HEAVY
CLOUDS OVER
CORREGIDOR. "With the southern tip
of Bataan in their possession they could now emplace artillery on
the heights of the Mariveles Mountains and along the shore near
Cabcaben, only two miles across the channel from Corregidor." Arrows
indicate planned Japanese landings. |
|
For the men on Corregidor it seemed as
though they were living "in the center of a bull's-eye." During the last
week of March there were about sixty air-raid alarms lasting for a total
of seventy-four hours. Bombings begun in the morning were usually
resumed in the afternoon and again at night. Since the Japanese planes
were now based on Clark Field or near Manila, they were able to remain
over the target for longer periods than they had during the first
bombardment in December.
The effect of so heavy a bombardment over
the period of seven days might well have been disastrous had not the men
profited from the earlier air attacks and built underground shelters.
They had also learned how effectively sand could cushion the blow from a
bomb and had made liberal use of sandbags. "It used to be hard to get
the men to fill sandbags," wrote one officer. "Now it is hard to keep
them from laying hands on all the sandbags available and filling them
when those to whom they are allotted aren't looking." The small number
of casualties is ample evidence of the thoroughness with which the
Corregidor garrison had dug in since the first attack on 29 December.

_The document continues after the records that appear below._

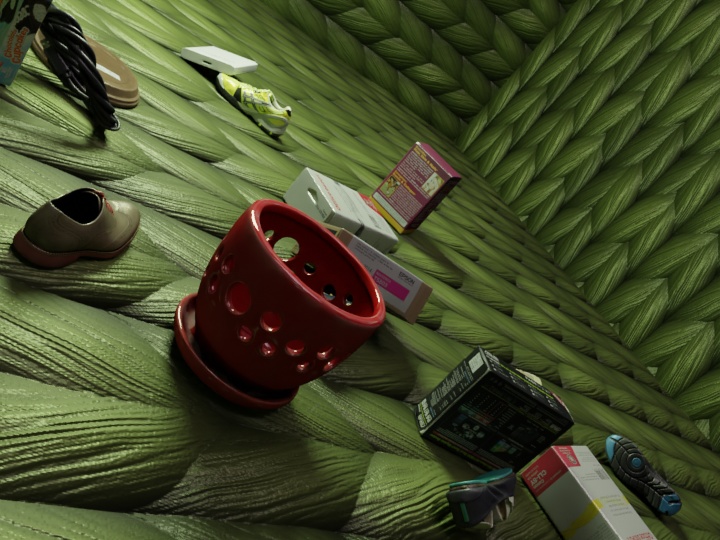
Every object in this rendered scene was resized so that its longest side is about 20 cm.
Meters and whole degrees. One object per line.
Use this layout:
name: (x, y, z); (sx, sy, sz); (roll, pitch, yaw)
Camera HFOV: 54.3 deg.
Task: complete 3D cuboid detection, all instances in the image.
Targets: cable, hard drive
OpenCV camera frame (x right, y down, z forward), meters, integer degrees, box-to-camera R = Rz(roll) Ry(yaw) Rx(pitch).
cable: (-0.408, -0.298, 1.031); (0.200, 0.051, 0.163); (59, -25, -5)
hard drive: (-0.342, -0.516, 1.723); (0.132, 0.026, 0.200); (21, 19, 1)

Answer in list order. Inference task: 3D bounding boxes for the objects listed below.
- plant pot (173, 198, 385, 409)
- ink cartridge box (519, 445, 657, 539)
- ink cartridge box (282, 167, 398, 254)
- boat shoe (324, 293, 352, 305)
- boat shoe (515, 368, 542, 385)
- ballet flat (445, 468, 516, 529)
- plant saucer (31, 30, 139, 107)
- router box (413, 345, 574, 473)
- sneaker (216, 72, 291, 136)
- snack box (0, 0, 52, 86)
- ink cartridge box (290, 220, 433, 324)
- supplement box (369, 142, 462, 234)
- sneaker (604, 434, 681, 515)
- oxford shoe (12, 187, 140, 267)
plant pot: (-0.098, 0.048, 0.816); (0.200, 0.183, 0.201); (36, 20, -15)
ink cartridge box: (0.376, 0.392, 1.146); (0.145, 0.083, 0.200); (18, 30, -48)
ink cartridge box: (-0.039, -0.104, 1.403); (0.200, 0.084, 0.144); (21, 29, -47)
boat shoe: (-0.038, 0.064, 1.066); (0.091, 0.071, 0.200); (47, 21, 4)
boat shoe: (0.326, 0.253, 1.377); (0.065, 0.072, 0.200); (31, 18, -5)
ballet flat: (0.170, 0.315, 0.959); (0.073, 0.073, 0.200); (51, 15, 25)
plant saucer: (-0.464, -0.355, 1.206); (0.200, 0.029, 0.200); (38, 19, -16)
router box: (0.205, 0.223, 1.077); (0.200, 0.150, 0.062); (33, 21, -25)
sneaker: (-0.247, -0.403, 1.651); (0.200, 0.076, 0.075); (37, 22, -8)
snack box: (-0.467, -0.369, 0.965); (0.037, 0.200, 0.116); (15, 32, -45)
ink cartridge box: (0.000, 0.000, 1.186); (0.200, 0.075, 0.165); (34, -5, -24)
supplement box: (0.138, -0.207, 1.788); (0.131, 0.200, 0.103); (48, 20, 13)
sneaker: (0.601, 0.442, 1.524); (0.200, 0.073, 0.082); (51, 4, 8)
oxford shoe: (-0.304, -0.059, 0.810); (0.070, 0.075, 0.200); (41, 19, -1)

Installations of all kinds and critical
supplies had also been placed under bombproof protection, and these
suffered little damage during the bombardment. The few remaining surface
installations, however, and supplies in open storage did not fare so
well. On Bottomside, the theater, post exchange, and bakery were leveled
to the ground and the Navy's radio station damaged. Wainwright's house,
inherited from MacArthur, was destroyed on the first day of the attack.
"I picked up the light walking stick which MacArthur had left for me,"
wrote Wainwright, "and walked down to Malinta Tunnel to live there the
rest of my time on Corregidor." Several ammunition dumps were hit,
exploding the shells in storage, and a quantity of TNT blown up. But
losses, on the whole, were small and were quickly repaired by crews
which cleared the roads and cleaned out the debris left by exploding
bombs.
The Japanese, too, seemed to have profited
by their earlier experience and had "learned," Captain Ames observed,
"to dodge AA fire." They came in at higher altitudes than before,
between 22,000 and 28,000 feet, in formations of nine planes or less.
During daylight they made their bombing runs out of the sun, changing
course and altitude immediately after the moment of release. Earlier the
antiaircraft gun batteries had been able to get in about ten salvos
before the Japanese flew out of range, usually bringing down the lead
plane of the formation. When the enemy changed his tactics, the
antiaircraft guns could get in fewer salvos and could no longer count on
the lead plane maintaining the same course.
The most serious limitations on the
effectiveness of the 3-inch guns arose from the shortage of mechanically
fuzed ammunition, which could reach to a height of 30,000 feet. There
was an adequate supply of ammunition with the powder train fuze,
effective to a height of about 24,000 feet, but only enough of the
longer range type for one of the ten antiaircraft batteries. On 3
February a submarine had brought in 2,750 more rounds of mechanically
fuzed ammunition, and it became possible to supply an additional
battery. Thus, when the enemy planes came in at an altitude of more than
24,000 feet, only two batteries could reach them. The remaining
batteries of the antiaircraft command, equipped with powder train fuzes,
could only watch idly while the Japanese leisurely dropped their bombs.
Nonetheless, the contribution of these batteries, though negative, was a
valuable one. By forcing the enemy to remain at extremely high altitude,
they decreased his accuracy and diminished the effectiveness of the
bombardment.
From the outset it had been necessary to
conserve even the powder train fuzed shells, 30 percent of which were
duds. This had been accomplished by limiting each gun to six rounds for
any single target on any given course. The opening weeks of the war
proved the most expensive in terms of rounds fired to planes destroyed,
500 rounds being required for each plane. This inaccurate fire was due
to inexperience, the irregular functioning of powder train fuzes, and
variation in the muzzle velocity. Between 8 December and 11 March the
3-inch gun batteries in the harbor defenses expended over 6,000 rounds
for a total of 52 aircraft knocked down, or about 120 rounds per plane.
With increased experience of both fire control crews and gunners and
improved fire discipline, this average was steadily bettered until, by
the beginning of April, the expenditure rate went under 100 rounds per
plane, an excellent score even under the most favorable conditions.